Bhagwati writes that residence permits may stipulate geographic areas and time limits. At first, a residence permit is granted for one year only and is tied to designated employment. A foreigner who has been in Germany legally for at least five years and is considered to have integrated himself into the economic and social life is eligible to receive a domicile permit (Aufenthaltsberechtigung). Once granted, the permit allows its holder to move within the country without restrictions. Work permits are issued by the federal Labor Office (Bundesanstalt fur Arbeit).
All aliens intending to work in Germany need a work permit. There are two classes of work permits. One is a general permit, issued normally for one year and geared to the labor conditions prevailing, or to special needs of certain industries. The other permit is a special work permit (Besondere Arbeitserlaubnis), issued to aliens who have had a steady employment record for the preceding five years, or who have been living in Germany legally for the last eight years or more or who are married to a German citizen (Bhagwati 1984, 279).
The majority of the German people thought, and still thinks today, that if there are no foreign workers, there will be considerable less unemployment. This is a tolerable thought but this problem has also to be looked at from a different perspective. The article, A Whiff of Xenophobia states, that While the German economic miracle was in full swing, the Gastarbeiter (guest worker) were regarded as a necessary, if not always desirable, adjunct to economic success, without whom many of the less attractive jobs – in hotels and catering, car production and mining among others – would have been left undone (The Economist 1984, 23).
This article explains that foreign workers are prepared to perform tasks, which German unemployed people refuse to do. Every year there are thousands of work permits issued to foreigners because it is not possible to find a German worker who is willing to do the work when offered. As foreigners look for every chance to earn the Deutschmark (German currency), no matter what job or under what conditions, Germans think that they are too delicate to get their hands dirty. German industry was able to increase its productive capacity through the utilization of foreign labor.

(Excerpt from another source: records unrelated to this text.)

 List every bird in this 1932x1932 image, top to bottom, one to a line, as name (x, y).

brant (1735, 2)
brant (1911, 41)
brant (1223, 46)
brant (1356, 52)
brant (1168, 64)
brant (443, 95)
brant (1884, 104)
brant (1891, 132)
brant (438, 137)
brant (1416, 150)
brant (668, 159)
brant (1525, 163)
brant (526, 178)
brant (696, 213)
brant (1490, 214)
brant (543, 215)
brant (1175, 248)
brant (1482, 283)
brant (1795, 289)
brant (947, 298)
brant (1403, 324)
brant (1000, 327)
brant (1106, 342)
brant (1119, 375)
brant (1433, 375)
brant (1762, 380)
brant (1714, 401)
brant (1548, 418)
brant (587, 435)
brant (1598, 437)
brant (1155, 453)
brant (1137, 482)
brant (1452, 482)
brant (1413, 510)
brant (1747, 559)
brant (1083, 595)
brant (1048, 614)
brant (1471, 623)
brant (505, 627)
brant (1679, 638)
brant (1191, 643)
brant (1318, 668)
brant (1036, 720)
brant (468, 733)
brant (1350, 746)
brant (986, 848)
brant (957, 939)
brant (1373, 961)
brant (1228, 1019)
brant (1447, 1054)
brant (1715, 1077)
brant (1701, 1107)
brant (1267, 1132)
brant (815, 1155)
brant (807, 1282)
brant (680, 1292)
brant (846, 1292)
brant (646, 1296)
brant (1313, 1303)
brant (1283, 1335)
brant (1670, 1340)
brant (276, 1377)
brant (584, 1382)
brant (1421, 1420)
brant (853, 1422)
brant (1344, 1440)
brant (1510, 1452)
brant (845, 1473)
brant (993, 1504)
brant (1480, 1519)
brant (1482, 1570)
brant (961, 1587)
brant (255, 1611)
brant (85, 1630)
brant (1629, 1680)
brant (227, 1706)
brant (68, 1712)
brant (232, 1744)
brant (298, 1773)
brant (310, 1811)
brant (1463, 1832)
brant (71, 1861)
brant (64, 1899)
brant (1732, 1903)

Foreign employment eliminated industrial gaps by filling undesirable but vital jobs which would have otherwise remained vacant. Markovits and Kazarinov agree that … the indigenous workers have occupied the well-paid and socially desirable jobs, leaving the under-paid, dangerous and socially-degrading positions to be filled by migrant workers (Markovits and Kazarinov 1978, 376). Jobs are available but the number is limited and it is difficult for everyone foreigner to get one. Money is needed to survive and satisfy ones needs and this is not always honestly earned.
A vast number of Germanys foreigners are in some way connected to crime. The majority of people coming to Germany want to earn money as fast and as easy as possible. This is not always accomplished by getting an honest job, but by crime and corruption. Of the 209. 800 foreigners living in Germany, 2. 8% have a criminal record (German Facts). This number appears to be high when compared to the 1. 1% of the German population with a criminal record. Some of the foreigners enter a vicious circle from which it is impossible to escape.

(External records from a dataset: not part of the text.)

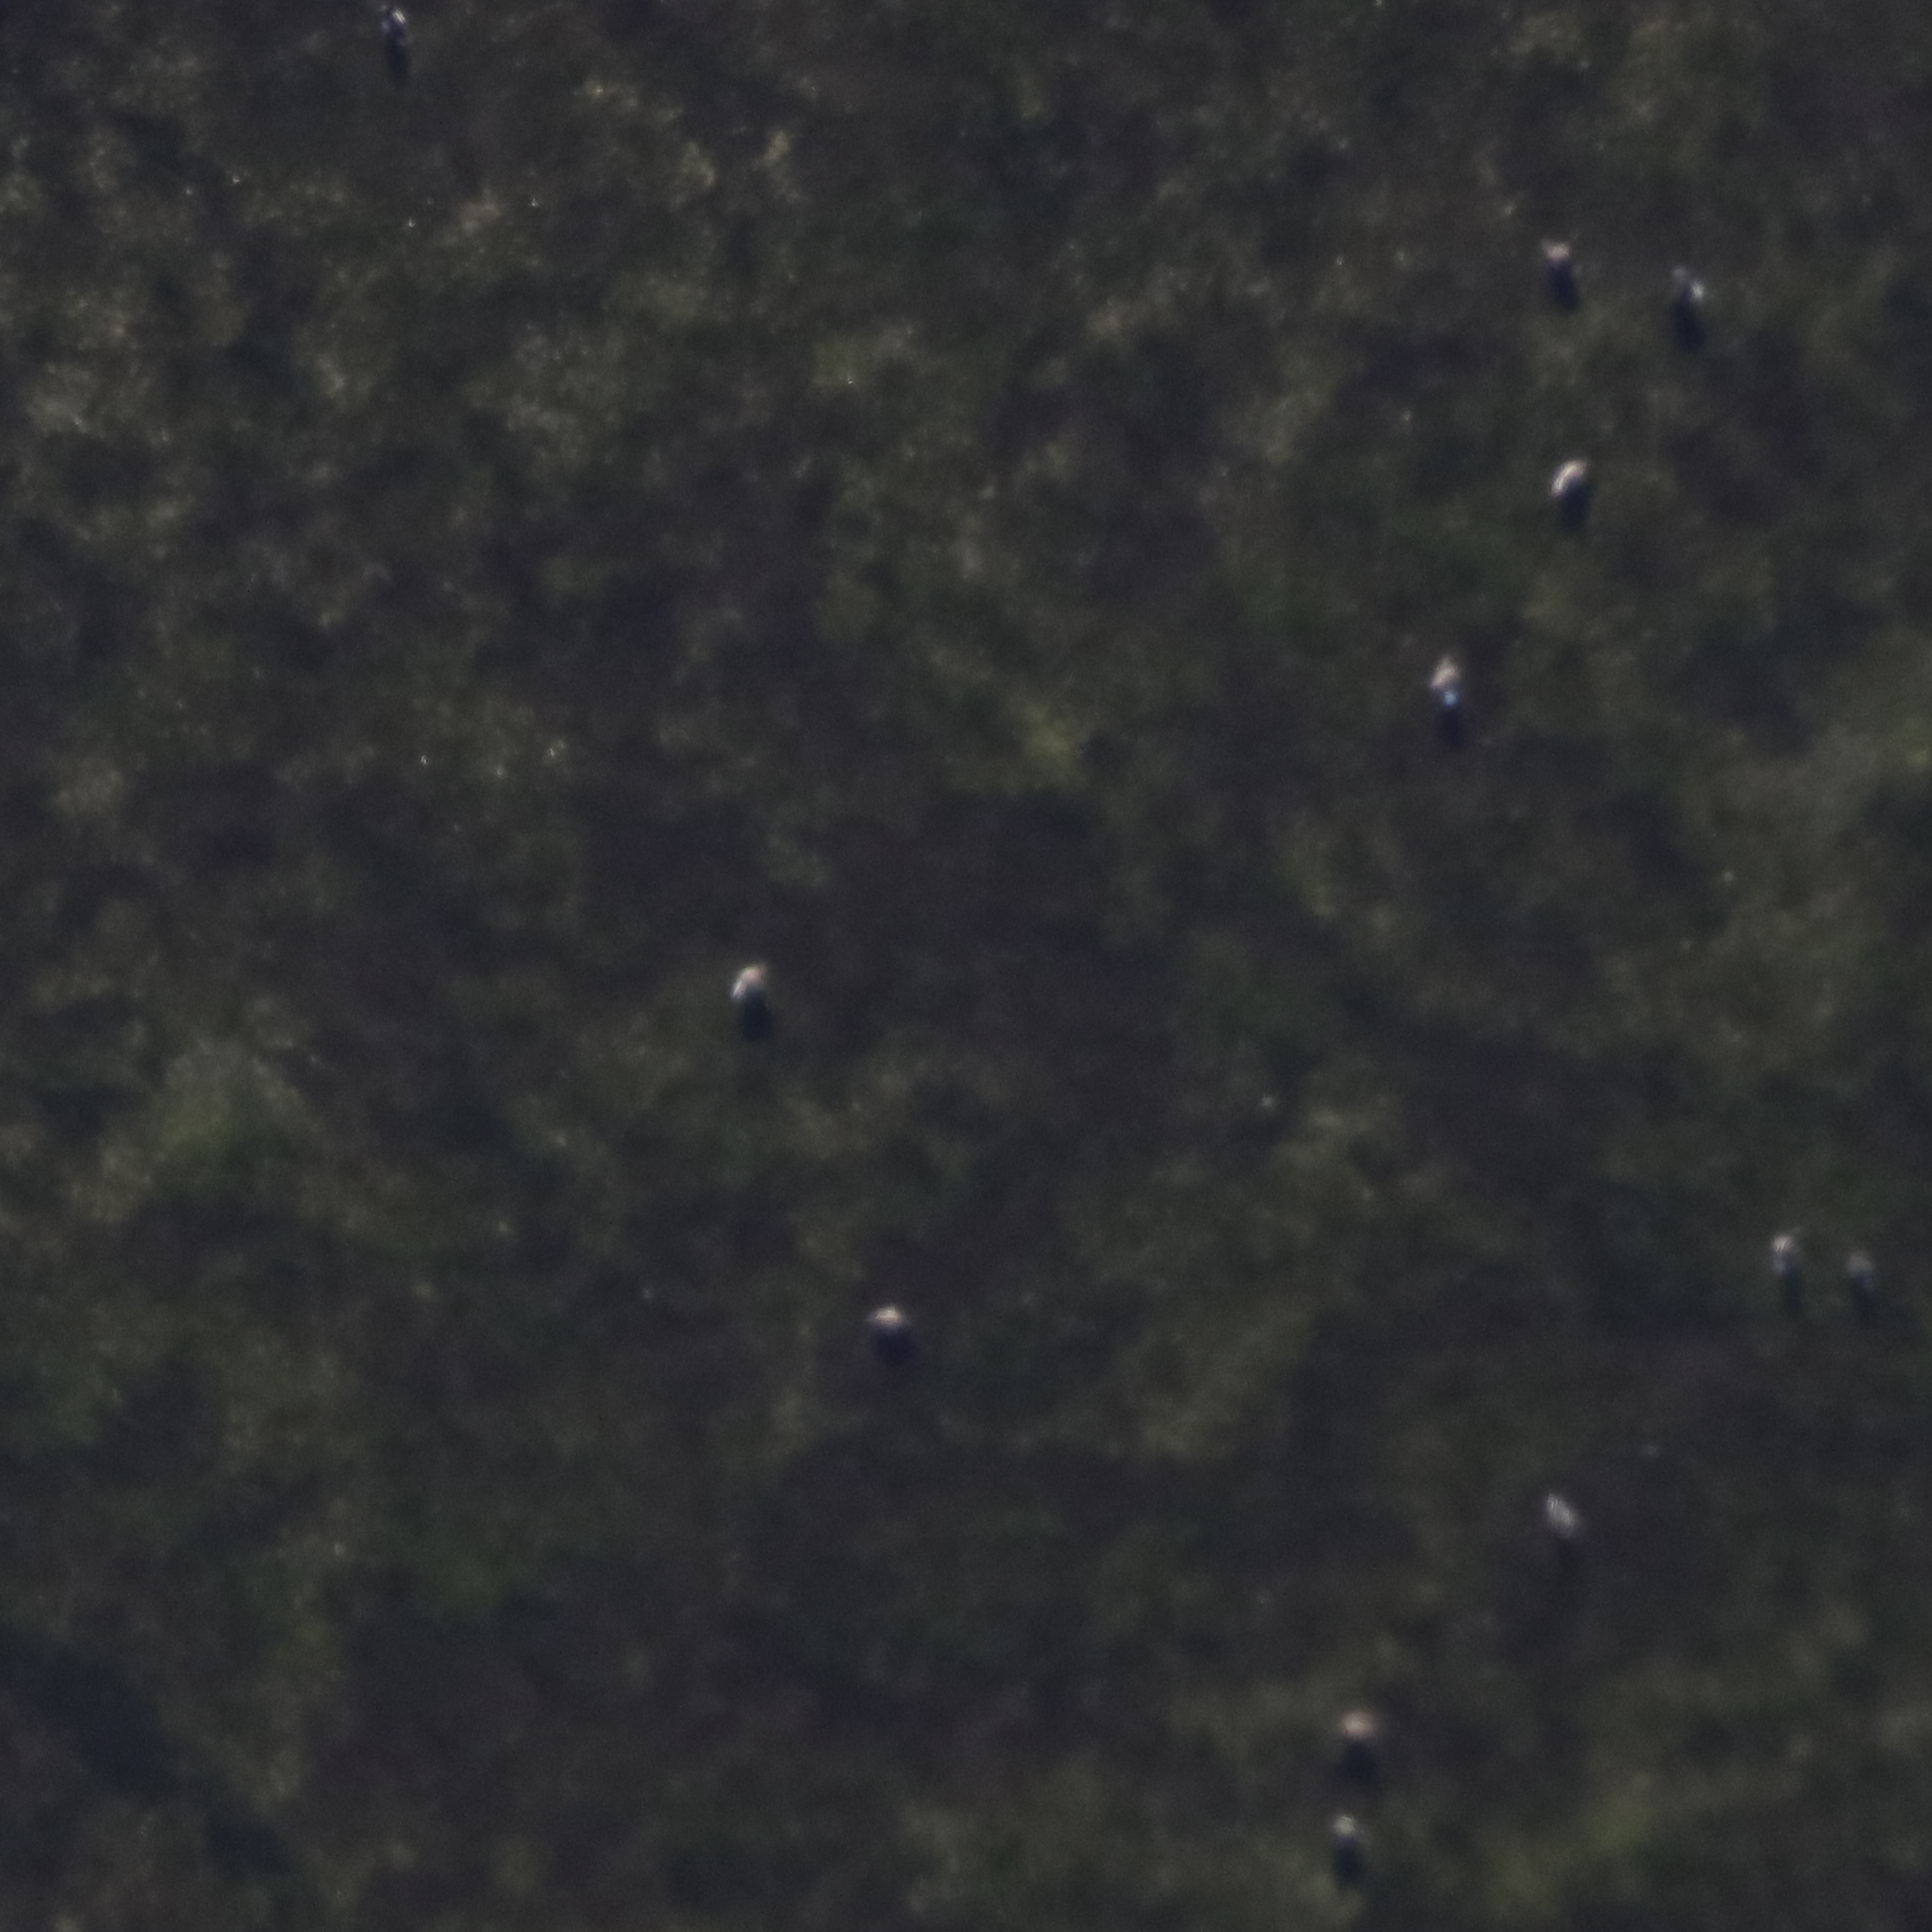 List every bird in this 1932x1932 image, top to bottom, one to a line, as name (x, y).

brant (388, 25)
brant (1561, 248)
brant (1684, 290)
brant (1569, 473)
brant (1447, 663)
brant (739, 978)
brant (1781, 1246)
brant (1860, 1268)
brant (888, 1323)
brant (1546, 1517)
brant (1360, 1725)
brant (1337, 1831)

Prostitution, for example, is mainly ruled by foreigners who belong to underground organizations. Prostitution in Germany, as well as in many other countries, is a very serious and sad concern. Young women and girls are bought in Eastern European countries and brought to Germany against their will. Living under inhumane conditions, the women have to pay a certain amount of money to their panderer everyday and if they do not, they are beaten up or even killed. Because crime is connected with a large number of the foreign population, animosity builds towards them.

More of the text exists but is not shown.